Key Areas of Focus:
Enhanced AI Model Integration & Functionality:
YOLOv11 Support: Integration of YOLOv11n and YOLOv11x models for object detection and instance segmentation, including training capabilities.
Multi-Modal Capabilities: Leveraging models like Florence-2 for image captioning and Molmo for behavior analysis.
Ollama Integration: Ability to chat with Ollama models (like llama3.2-vision) for video frame analysis and caption improvement.
CountGD Integration: Introduction of a new CountGD multi-modal counting app, likely focused on counting small objects.
SAM 2.1 as Default: Setting Segment Anything Model (SAM) 2.1 as the default segmentation model.
Improved Prompt Handling: Enhancements in how text prompts are used for segmentation and other AI tasks.
CPU Fallback: Ensuring operations can fall back to CPU if MPS (Apple Silicon GPU) is not supported.
Improved User Interface and Workflow:
Video Management: Introduction of a Video Manager for importing, loading, and deleting videos.
Interactive Flag Table: An enhanced table for managing user-defined flags with start/end button events, checkboxes/icons, and editing capabilities.
Canvas Screenshot Feature: Ability to take screenshots of the annotation canvas.
Video Frame Navigation: Improvements to navigating video frames.
Behavior Tracking & Analysis: Significant work on behavior analysis features, including:
Loading behavior data with event timestamps.
Creating ethograms for visualizing behavior.
Behavior tracking with defined ranges.
A BehaviorDataset class for PyTorch integration.
Behavior classification models using Transformers and CLIP.
Behavior evaluation modules.
LanceDB Integration: Implementation of LanceDB for image indexing and video frame search.
Recording Widget: Added a widget for video recording functionality.
Improved Caption Handling: Displaying video frame captions in a text edit widget and adding an "Improve Caption" feature using Ollama.
Data Handling & Conversion:
LabelMe to YOLO Conversion: Functionality to convert annotations between LabelMe and YOLO formats.
JSON to CSV Conversion: Added a dialog for converting LabelMe JSON files to CSV.
DAVIS Dataset Conversion: Scripts for converting DAVIS datasets.
Keypoint Extraction: Features to extract and save keypoints from JSON files.
Video Clips Dataset Handling: Support for working with video clips as datasets.
Performance & Stability:
Decord Integration: Utilizing decord for faster random frame access.
Asynchronous Frame Loading: Implementing asynchronous loading for long videos.
Memory Optimizations: Improvements in video frame loading and storage.
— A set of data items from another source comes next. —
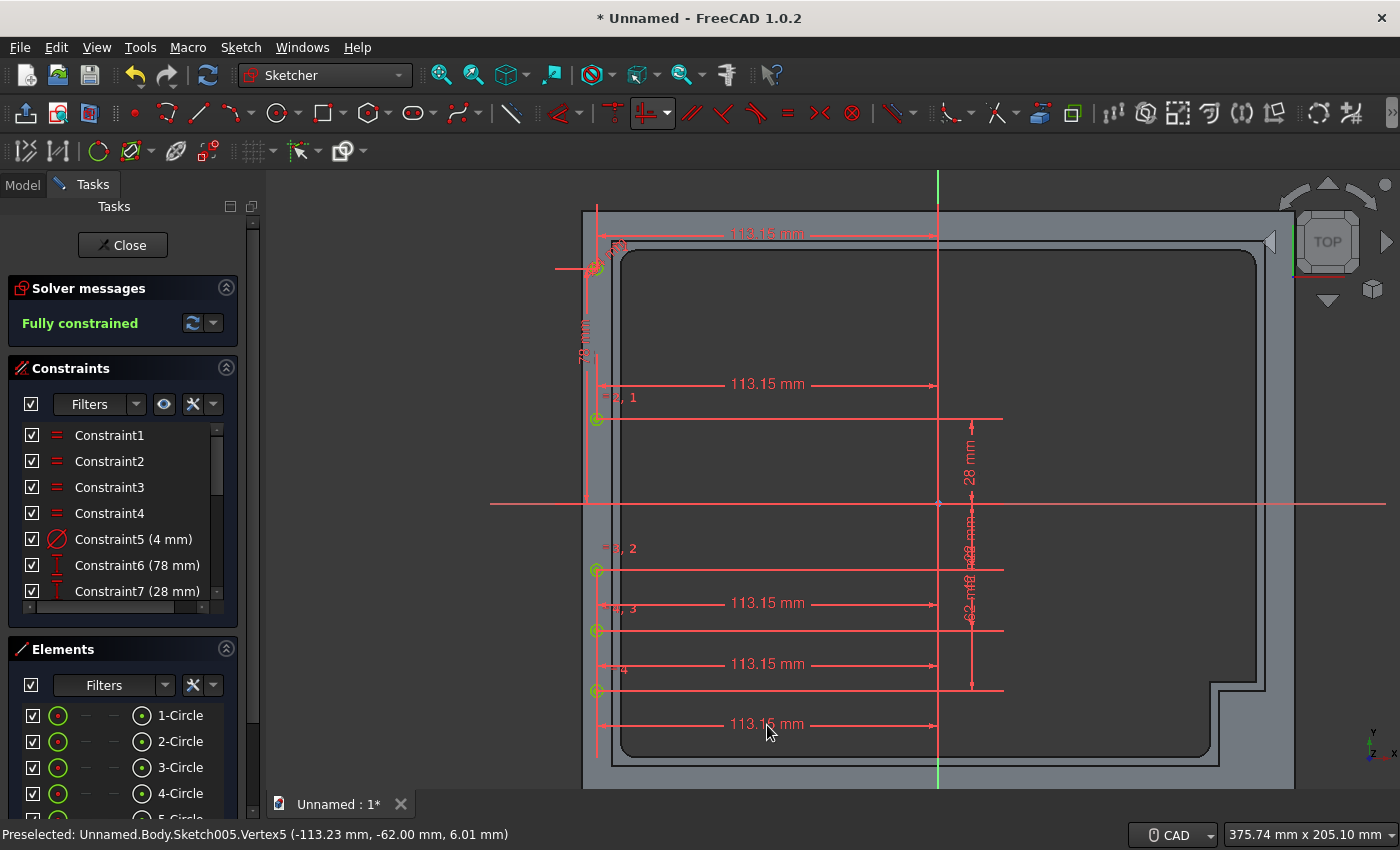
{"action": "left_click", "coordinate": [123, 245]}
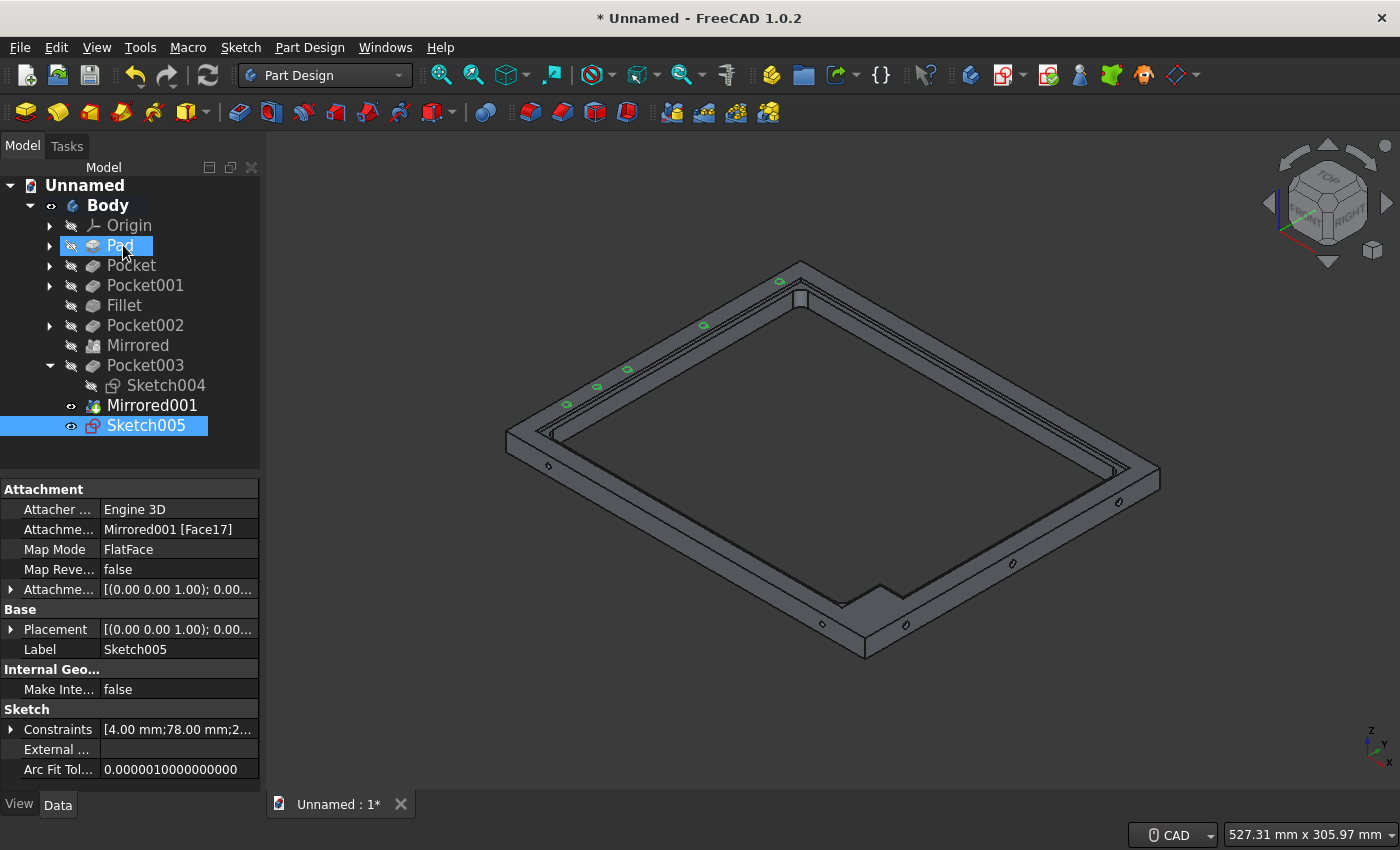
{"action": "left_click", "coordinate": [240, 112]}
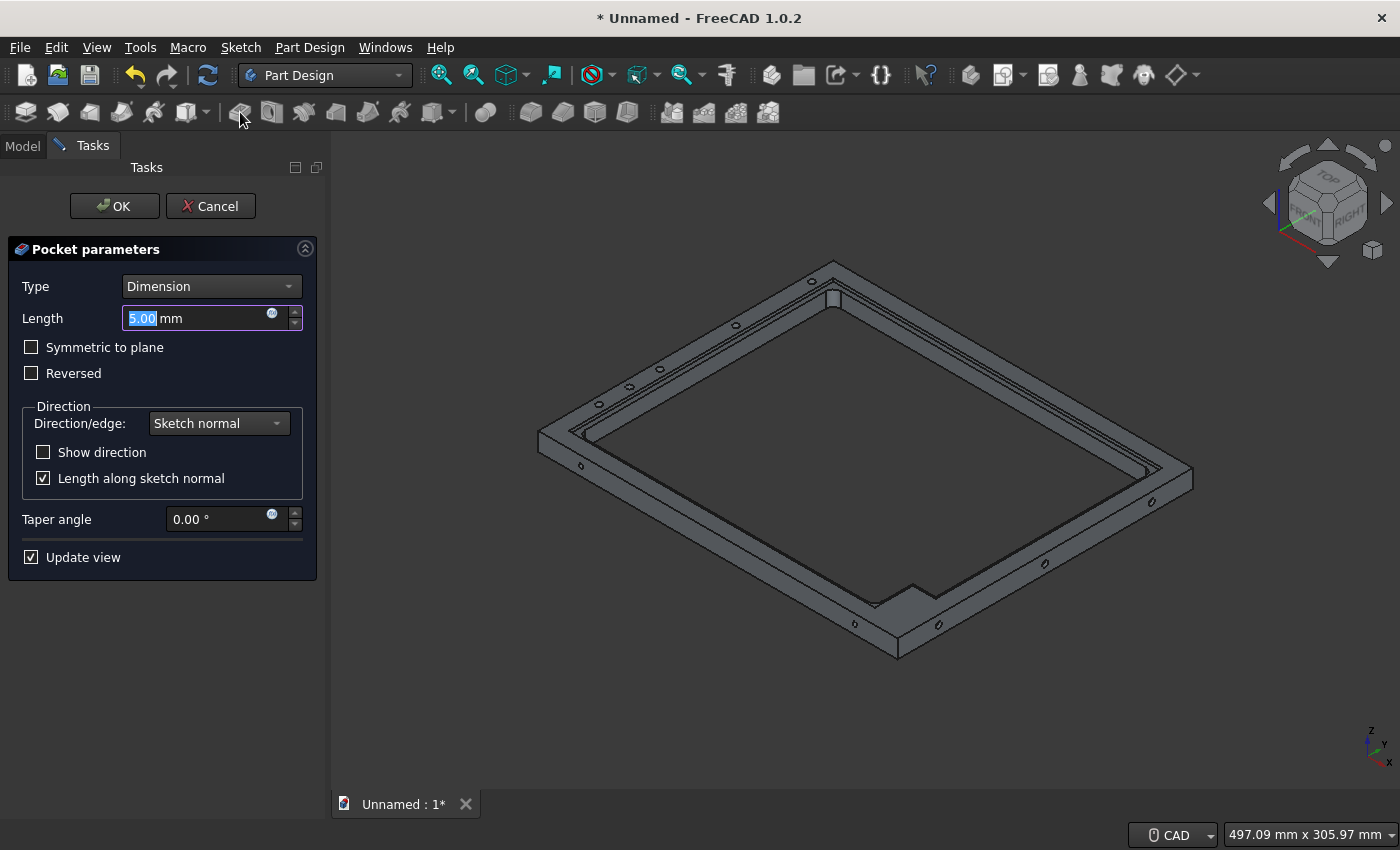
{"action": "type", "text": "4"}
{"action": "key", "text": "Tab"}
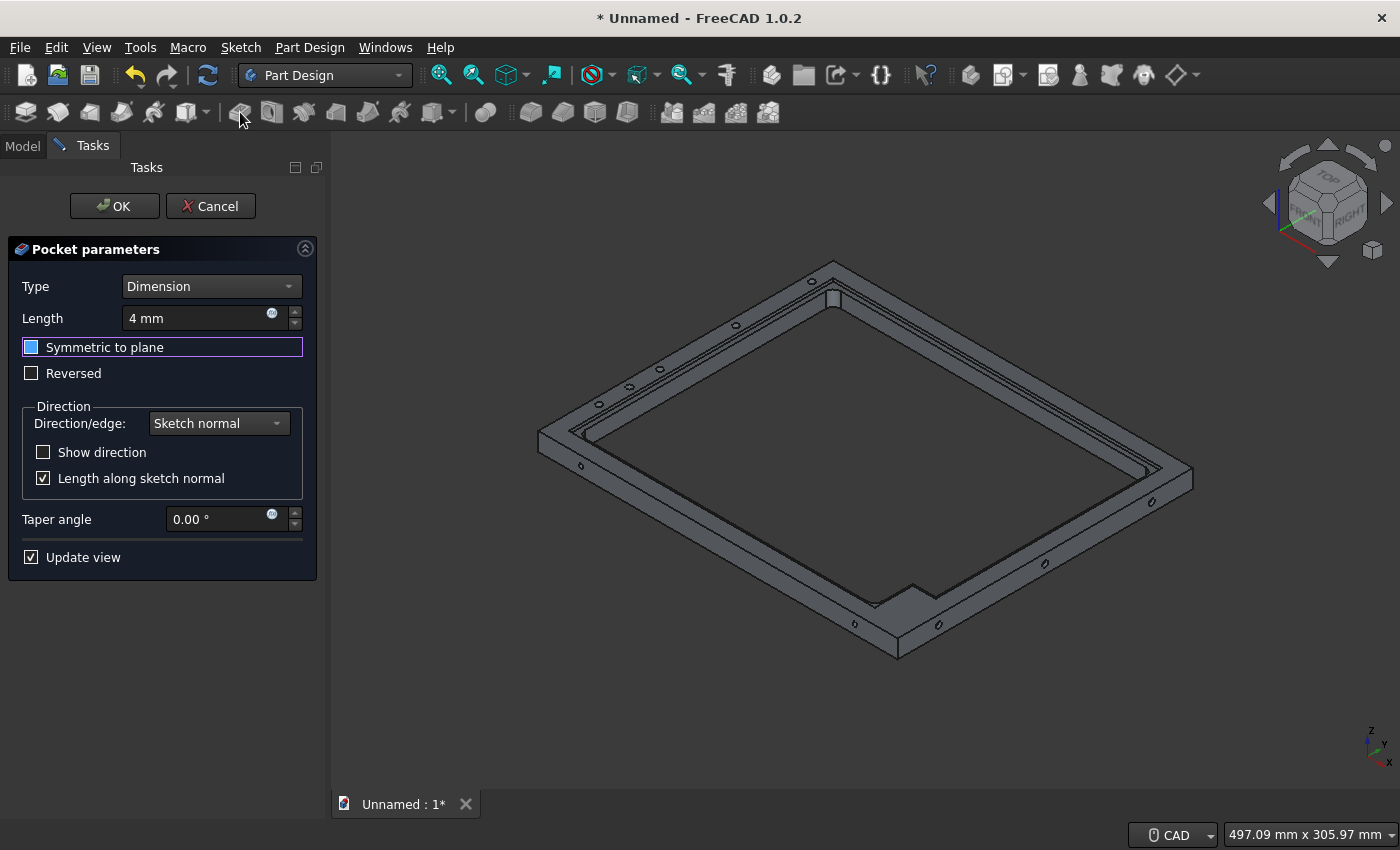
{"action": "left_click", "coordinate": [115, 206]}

Batching for Inference: Writing prediction results to JSON in batches for long videos.
Bug Fixes: Several fixes addressing issues like ONNX reshape errors, caption handling, and MPS support.
Documentation & Tutorials:
Updates to the README and Jupyter Book documentation.
A Colab notebook for YOLOv11 instance segmentation.
Tutorials for converting SLEAP keypoints and labeling for place preference.